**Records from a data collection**
►
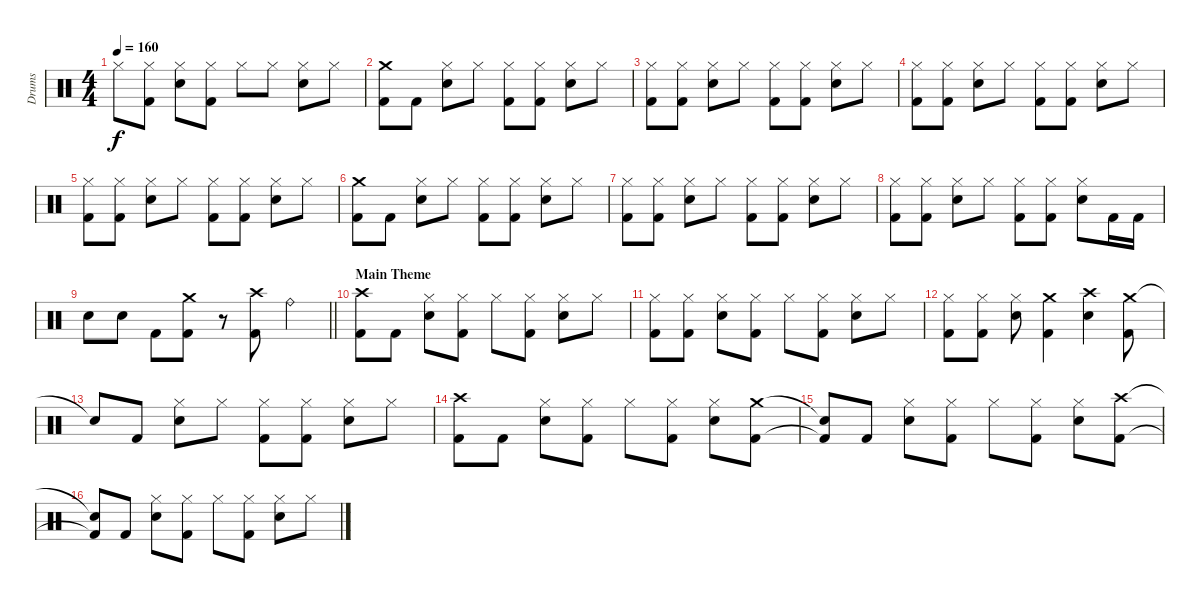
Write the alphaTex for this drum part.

\track ("Drums" "Drums") {instrument percussion}
\staff {score}
\articulation defaults
\ts (4 4)
\tempo 160
\clef neutral
\ks c "Hi-Hat (closed)".8{dy f}
("Hi-Hat (closed)" "Kick (hit) 2").8 ("Hi-Hat (closed)" "Snare (hit) 2").8 ("Hi-Hat (closed)" "Kick (hit) 2").8 "Hi-Hat (closed)".8 "Hi-Hat (closed)".8 ("Hi-Hat (closed)" "Snare (hit) 2").8 "Hi-Hat (closed)".8 |
("Crash medium (hit)" "Kick (hit) 2").8 "Kick (hit) 2".8 ("Hi-Hat (closed)" "Snare (hit) 2").8 "Hi-Hat (closed)".8 ("Hi-Hat (closed)" "Kick (hit) 2").8 ("Hi-Hat (closed)" "Kick (hit) 2").8 ("Hi-Hat (closed)" "Snare (hit) 2").8 "Hi-Hat (closed)".8 |
("Hi-Hat (closed)" "Kick (hit) 2").8 ("Hi-Hat (closed)" "Kick (hit) 2").8 ("Hi-Hat (closed)" "Snare (hit) 2").8 "Hi-Hat (closed)".8 ("Hi-Hat (closed)" "Kick (hit) 2").8 ("Hi-Hat (closed)" "Kick (hit) 2").8 ("Hi-Hat (closed)" "Snare (hit) 2").8 "Hi-Hat (closed)".8 |
("Hi-Hat (closed)" "Kick (hit) 2").8 ("Hi-Hat (closed)" "Kick (hit) 2").8 ("Hi-Hat (closed)" "Snare (hit) 2").8 "Hi-Hat (closed)".8 ("Hi-Hat (closed)" "Kick (hit) 2").8 ("Hi-Hat (closed)" "Kick (hit) 2").8 ("Hi-Hat (closed)" "Snare (hit) 2").8 "Hi-Hat (closed)".8 |
("Hi-Hat (closed)" "Kick (hit) 2").8 ("Hi-Hat (closed)" "Kick (hit) 2").8 ("Hi-Hat (closed)" "Snare (hit) 2").8 "Hi-Hat (closed)".8 ("Hi-Hat (closed)" "Kick (hit) 2").8 ("Hi-Hat (closed)" "Kick (hit) 2").8 ("Hi-Hat (closed)" "Snare (hit) 2").8 "Hi-Hat (closed)".8 |
("Crash medium (hit)" "Kick (hit) 2").8 "Kick (hit) 2".8 ("Hi-Hat (closed)" "Snare (hit) 2").8 "Hi-Hat (closed)".8 ("Hi-Hat (closed)" "Kick (hit) 2").8 ("Hi-Hat (closed)" "Kick (hit) 2").8 ("Hi-Hat (closed)" "Snare (hit) 2").8 "Hi-Hat (closed)".8 |
("Hi-Hat (closed)" "Kick (hit) 2").8 ("Hi-Hat (closed)" "Kick (hit) 2").8 ("Hi-Hat (closed)" "Snare (hit) 2").8 "Hi-Hat (closed)".8 ("Hi-Hat (closed)" "Kick (hit) 2").8 ("Hi-Hat (closed)" "Kick (hit) 2").8 ("Hi-Hat (closed)" "Snare (hit) 2").8 "Hi-Hat (closed)".8 |
("Hi-Hat (closed)" "Kick (hit) 2").8 ("Hi-Hat (closed)" "Kick (hit) 2").8 ("Hi-Hat (closed)" "Snare (hit) 2").8 "Hi-Hat (closed)".8 ("Hi-Hat (closed)" "Kick (hit) 2").8 ("Hi-Hat (closed)" "Kick (hit) 2").8 ("Hi-Hat (closed)" "Snare (hit) 2").8 "Kick (hit) 2".16 "Kick (hit) 2".16 |
\barLineRight lightlight "Snare (hit) 2".8 "Snare (hit) 2".8 "Kick (hit) 2".8
("Crash medium (hit)" "Kick (hit) 2").8 r.8 ("Crash high (hit)" "Kick (hit) 2").8 "Ride (bell)".4 |
\section ("" "Main Theme")
("Crash high (hit)" "Kick (hit) 2").8 "Kick (hit) 2".8 ("Hi-Hat (closed)" "Snare (hit) 2").8 ("Hi-Hat (closed)" "Kick (hit) 2").8 "Hi-Hat (closed)".8 ("Hi-Hat (closed)" "Kick (hit) 2").8 ("Hi-Hat (closed)" "Snare (hit) 2").8 "Hi-Hat (closed)".8 |
("Hi-Hat (closed)" "Kick (hit) 2").8 ("Hi-Hat (closed)" "Kick (hit) 2").8 ("Hi-Hat (closed)" "Snare (hit) 2").8 ("Hi-Hat (closed)" "Kick (hit) 2").8 "Hi-Hat (closed)".8 ("Hi-Hat (closed)" "Kick (hit) 2").8 ("Hi-Hat (closed)" "Snare (hit) 2").8 "Hi-Hat (closed)".8 |
("Hi-Hat (closed)" "Kick (hit) 2").8 ("Hi-Hat (closed)" "Kick (hit) 2").8 ("Hi-Hat (closed)" "Snare (hit) 2").8 ("Crash medium (hit)" "Kick (hit) 2").4 ("Crash high (hit)" "Snare (hit) 2").4 ("Crash medium (hit)" "Kick (hit) 2").8 |
"Snare (hit)"{t}.8 "Kick (hit) 2".8 ("Hi-Hat (closed)" "Snare (hit) 2").8 "Hi-Hat (closed)".8 ("Hi-Hat (closed)" "Kick (hit) 2").8 ("Hi-Hat (closed)" "Kick (hit) 2").8 ("Hi-Hat (closed)" "Snare (hit) 2").8 "Hi-Hat (closed)".8 |
("Crash high (hit)" "Kick (hit) 2").8 "Kick (hit) 2".8 ("Hi-Hat (closed)" "Snare (hit) 2").8 ("Hi-Hat (closed)" "Kick (hit) 2").8 "Hi-Hat (closed)".8 ("Hi-Hat (closed)" "Kick (hit) 2").8 ("Hi-Hat (closed)" "Snare (hit) 2").8 ("Crash medium (hit)" "Kick (hit) 2").8 |
("Snare (hit)"{t} "Kick (hit) 2"{t}).8 "Kick (hit) 2".8 ("Hi-Hat (closed)" "Snare (hit) 2").8 ("Hi-Hat (closed)" "Kick (hit) 2").8 "Hi-Hat (closed)".8 ("Hi-Hat (closed)" "Kick (hit) 2").8 ("Hi-Hat (closed)" "Snare (hit) 2").8 ("Crash high (hit)" "Kick (hit) 2").8 |
("Snare (hit)"{t} "Kick (hit) 2"{t}).8 "Kick (hit) 2".8 ("Hi-Hat (closed)" "Snare (hit) 2").8 ("Hi-Hat (closed)" "Kick (hit) 2").8 "Hi-Hat (closed)".8 ("Hi-Hat (closed)" "Kick (hit) 2").8 ("Hi-Hat (closed)" "Snare (hit) 2").8 "Hi-Hat (closed)".8
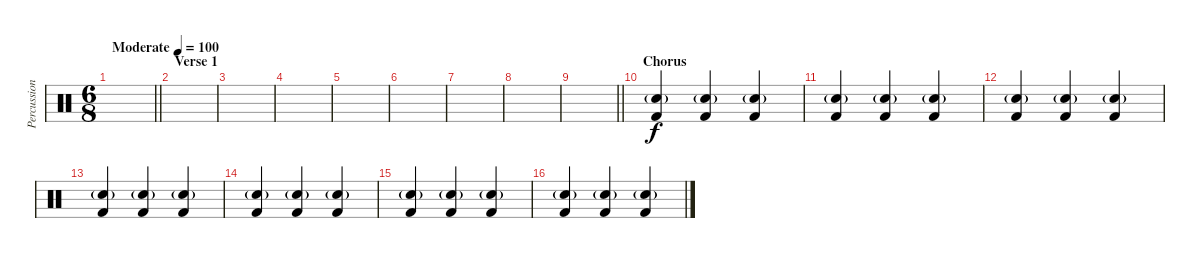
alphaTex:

\track ("Percussion" "Percussion") {instrument percussion}
\staff {score}
\articulation defaults
\ts (6 8)
\tempo (100 "Moderate")
\clef neutral
\barLineRight lightlight
\ks c
|
\section ("" "Verse 1")
|
|
|
|
|
|
|
\barLineRight lightlight
|
\section ("" "Chorus")
("Snare (hit) 2"{g} "Kick (hit) 2").4 ("Snare (hit) 2"{g} "Kick (hit) 2").4 ("Snare (hit) 2"{g} "Kick (hit) 2").4 |
("Snare (hit) 2"{g} "Kick (hit) 2").4 ("Snare (hit) 2"{g} "Kick (hit) 2").4 ("Snare (hit) 2"{g} "Kick (hit) 2").4 |
("Snare (hit) 2"{g} "Kick (hit) 2").4 ("Snare (hit) 2"{g} "Kick (hit) 2").4 ("Snare (hit) 2"{g} "Kick (hit) 2").4 |
("Snare (hit) 2"{g} "Kick (hit) 2").4 ("Snare (hit) 2"{g} "Kick (hit) 2").4 ("Snare (hit) 2"{g} "Kick (hit) 2").4 |
("Snare (hit) 2"{g} "Kick (hit) 2").4 ("Snare (hit) 2"{g} "Kick (hit) 2").4 ("Snare (hit) 2"{g} "Kick (hit) 2").4 |
("Snare (hit) 2"{g} "Kick (hit) 2").4 ("Snare (hit) 2"{g} "Kick (hit) 2").4 ("Snare (hit) 2"{g} "Kick (hit) 2").4 |
("Snare (hit) 2"{g} "Kick (hit) 2").4 ("Snare (hit) 2"{g} "Kick (hit) 2").4 ("Snare (hit) 2"{g} "Kick (hit) 2").4
◄
**Requirement**
Go through the entries and copy every line with "track".

**Answer section**
\track ("Drums" "Drums") {instrument percussion}
\track ("Percussion" "Percussion") {instrument percussion}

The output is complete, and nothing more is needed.